Residents of the United Arab Emirates are being warned about sponsored Facebook posts stating that thousands of people have cancelled their subscriptions to Netflix due to them moving to a more sophisticated streaming service known as MovieFlix.

The posts are actually part of a clever phishing scam intended to steal people’s credit card details, and claim that the new website is completely free for people who live in the UAE, providing they sign up prior to 17th September.

Readers are also being fooled by a link that leads to a fake news website that claims that MovieFlix is identical to the streaming service offered by Netflix while also offering a multitude of extra features.

The article claims that users of the service regard it as cleaner, faster, and having more variety than Netflix, with free access currently being offered to the first 5,000 individuals to subscribe.

The fake news article goes on to say that thousands of people have already changed to MovieFlix from Netflix due to the nearly unlimited selection of TV shows and HD movies being offered, and it even offers fake testimonials from non-existent users.

The fake site has a photo of a television newsreader standing against the national flag of the UAE. This photo was used to enhance the story’s credibility, with the same photo having been used to promote the same scam in overseas markets, with the only difference being the flag of the country involved.

However, the moment that users attempt to sign up for membership with MovieFlix, they are led to a page asking for details of their credit cards.

Warnings about the scam have been repeatedly issued by consumer watchdogs in a number of countries, including Australia.

Earlier this year, Western Australia’s Customer Protection warned people that the MovieFlix offer was a scam intended to steal their credit card details. Then the warning was being reposted on social media site Twitter by the specialised Scamwatch team of the Australian Competition and Consumer Commission.

According to Netflix, scammers often target popular brands that have large customer bases in order to try to con individuals into providing personal information such as credit card details.

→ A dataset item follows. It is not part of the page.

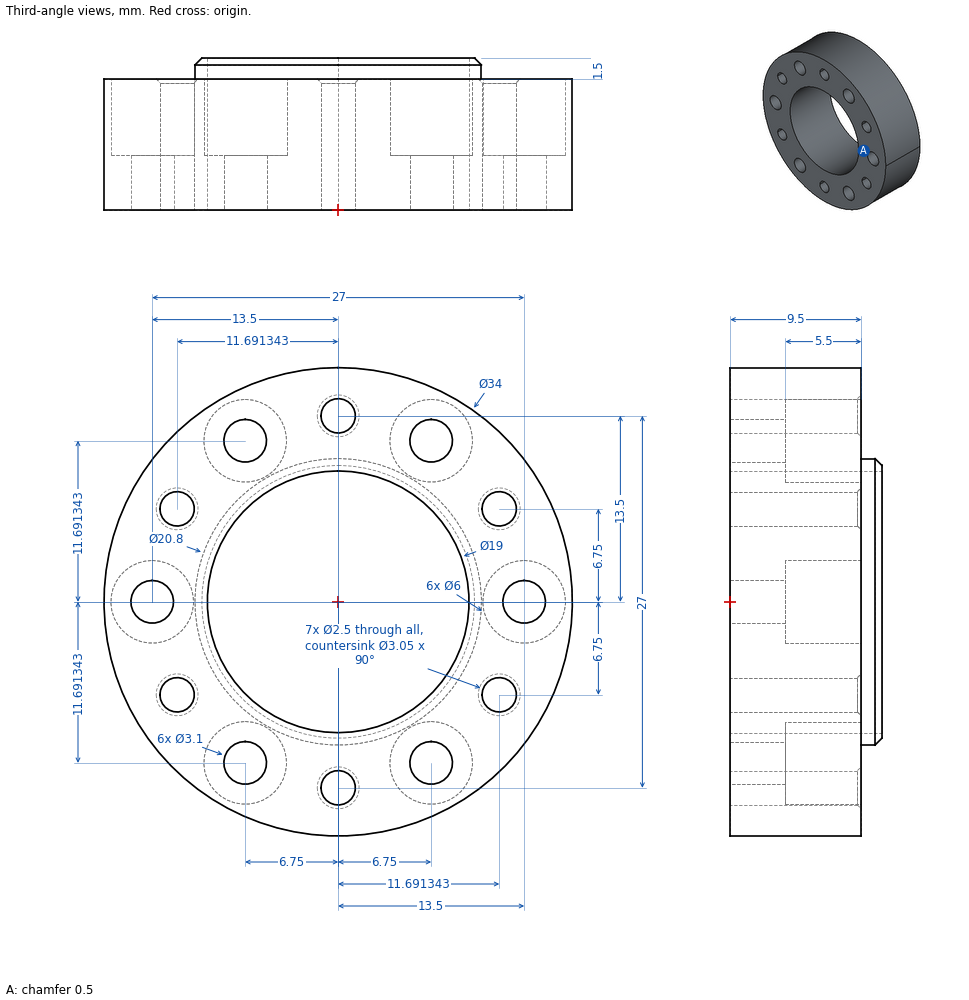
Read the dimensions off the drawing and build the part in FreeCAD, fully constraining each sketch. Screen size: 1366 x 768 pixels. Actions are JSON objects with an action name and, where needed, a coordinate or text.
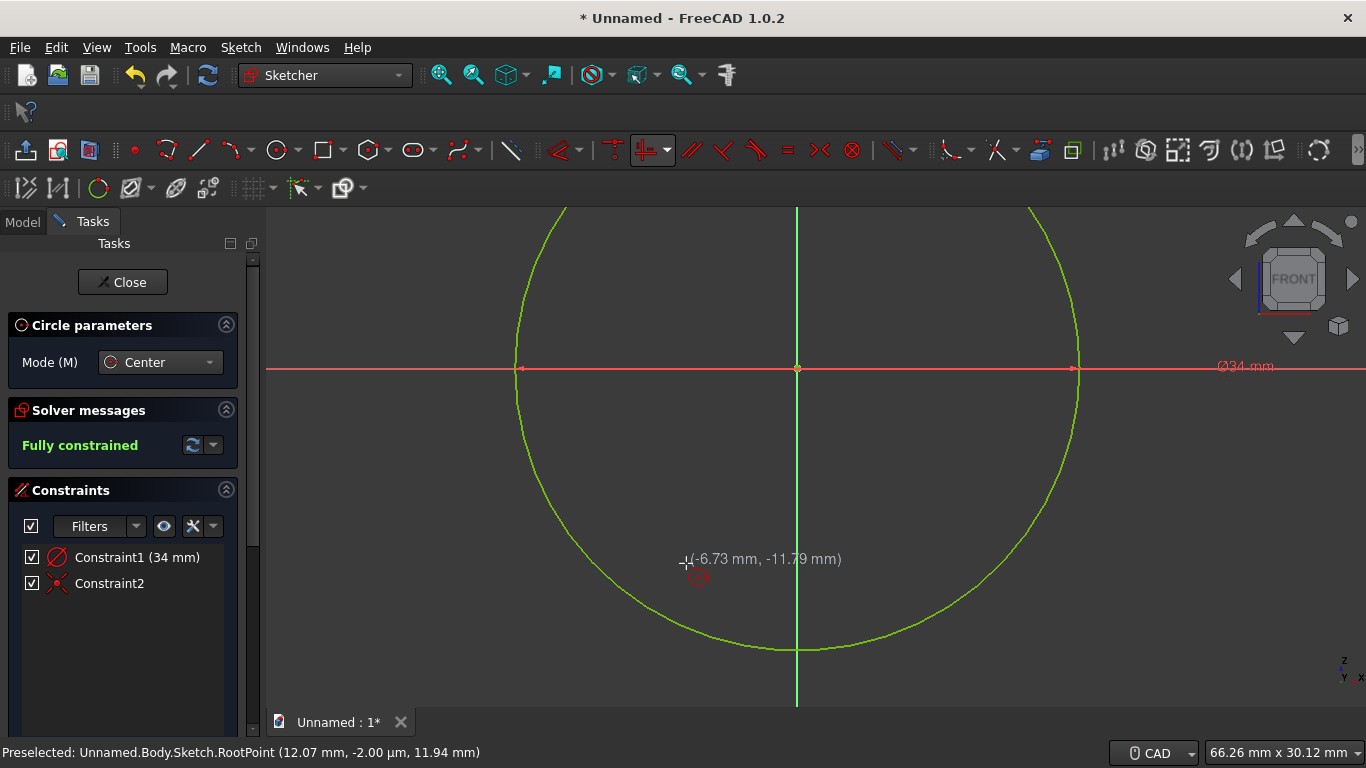
{"action": "left_click", "coordinate": [685, 563]}
{"action": "mouse_move", "coordinate": [704, 544]}
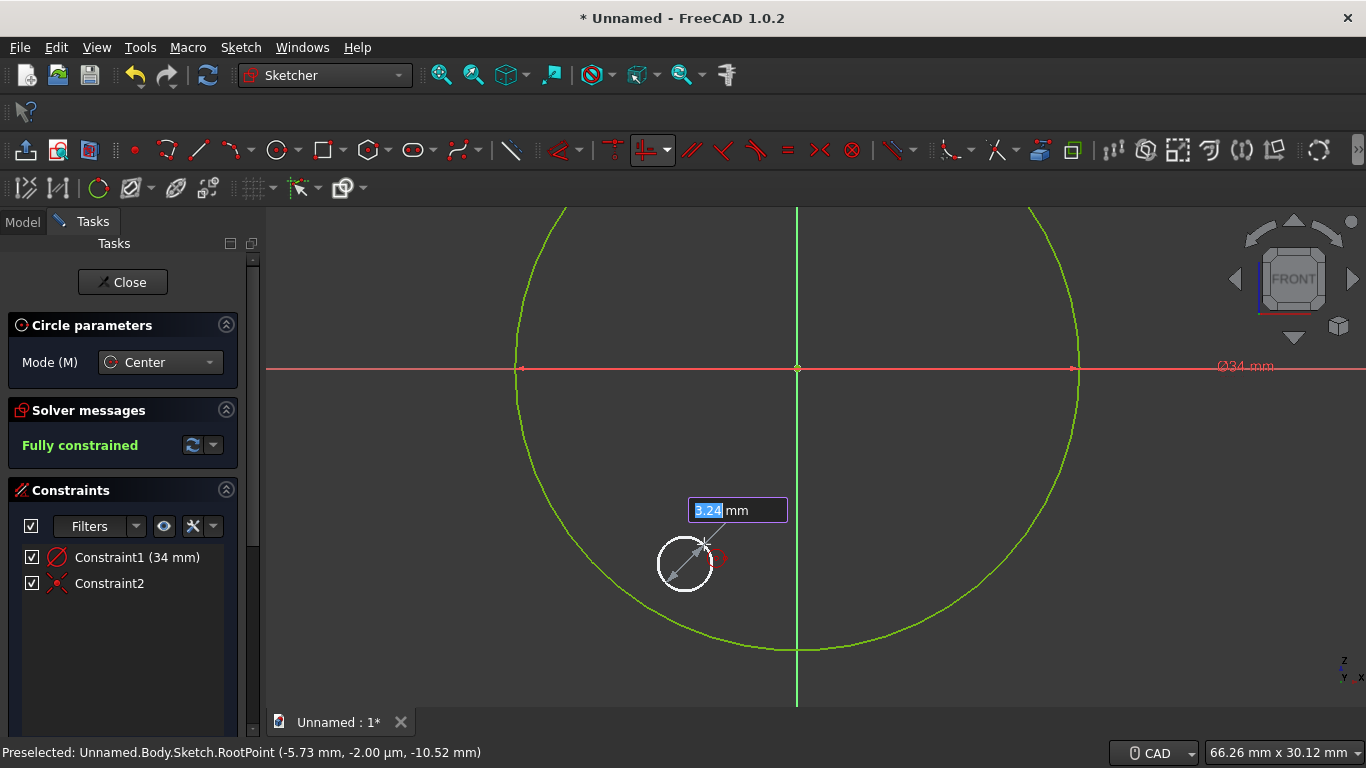
{"action": "type", "text": "3.1"}
{"action": "key", "text": "Return"}

The same modus operandi has also been used by the scam artists behind MovieFlix in other nations such as Canada, the Republic of Ireland and New Zealand.

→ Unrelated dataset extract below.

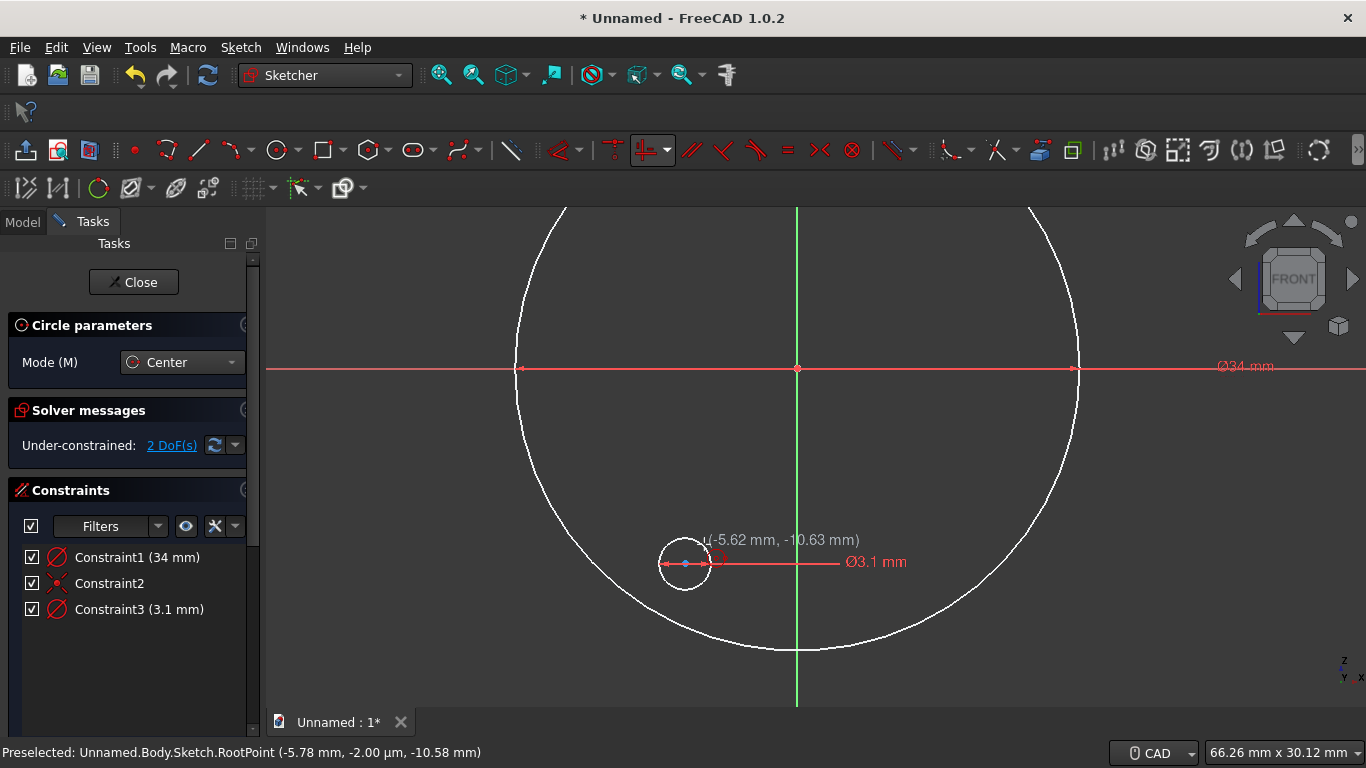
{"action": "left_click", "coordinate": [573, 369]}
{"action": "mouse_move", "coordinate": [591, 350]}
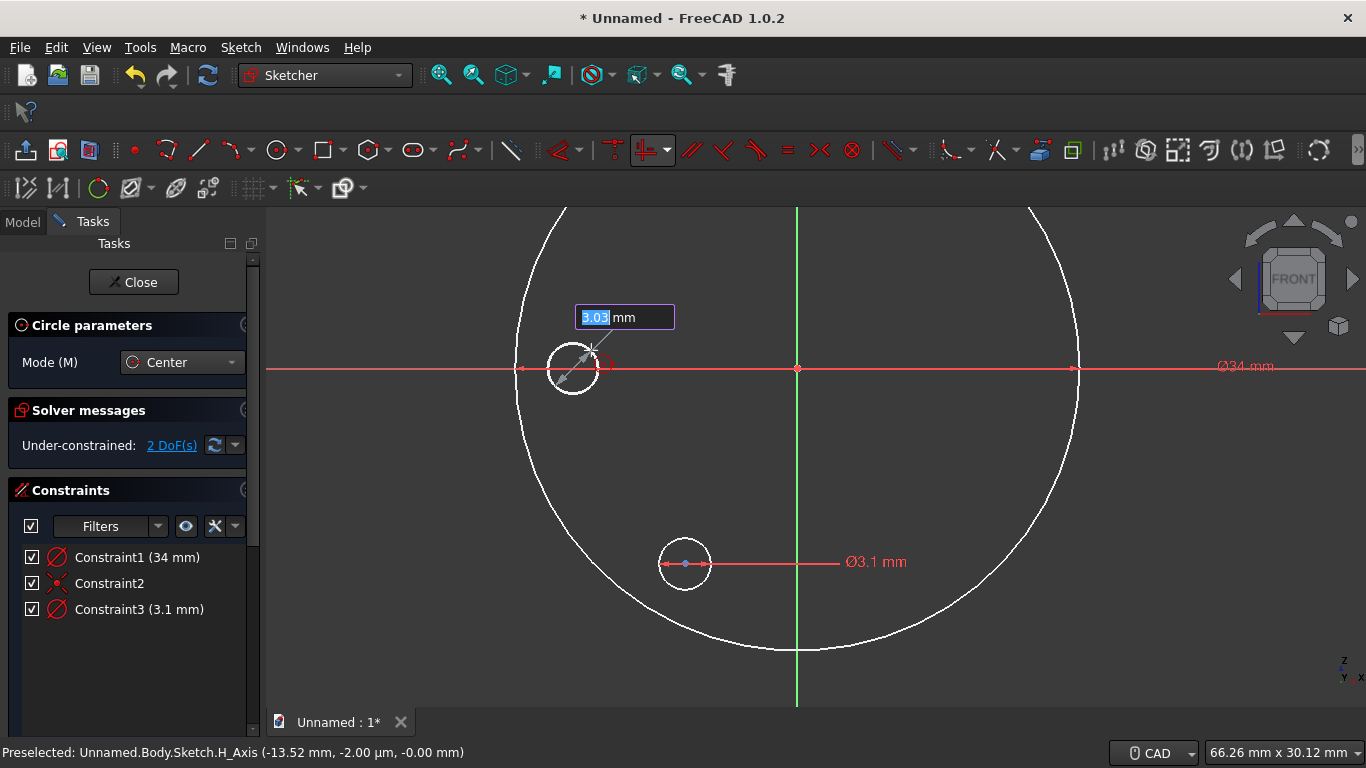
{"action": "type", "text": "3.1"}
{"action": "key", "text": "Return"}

Waleed Mansour, a cybersecurity and Linus expert at, based in Dubai, says that anyone in the UAE who has subscribed to the service already should immediately cancel their credit card before any information is stolen and used by the scammers. 

There have been a number of other warnings issued in the UAE and Dubai in particular about scams intended to trick people into giving out their credit card details this year.

The scams have included claiming that people have won prizes from a famous hypermarket, requests to update bank statements from fraudsters claiming to be bank representatives, and even callers pretending to be police officers.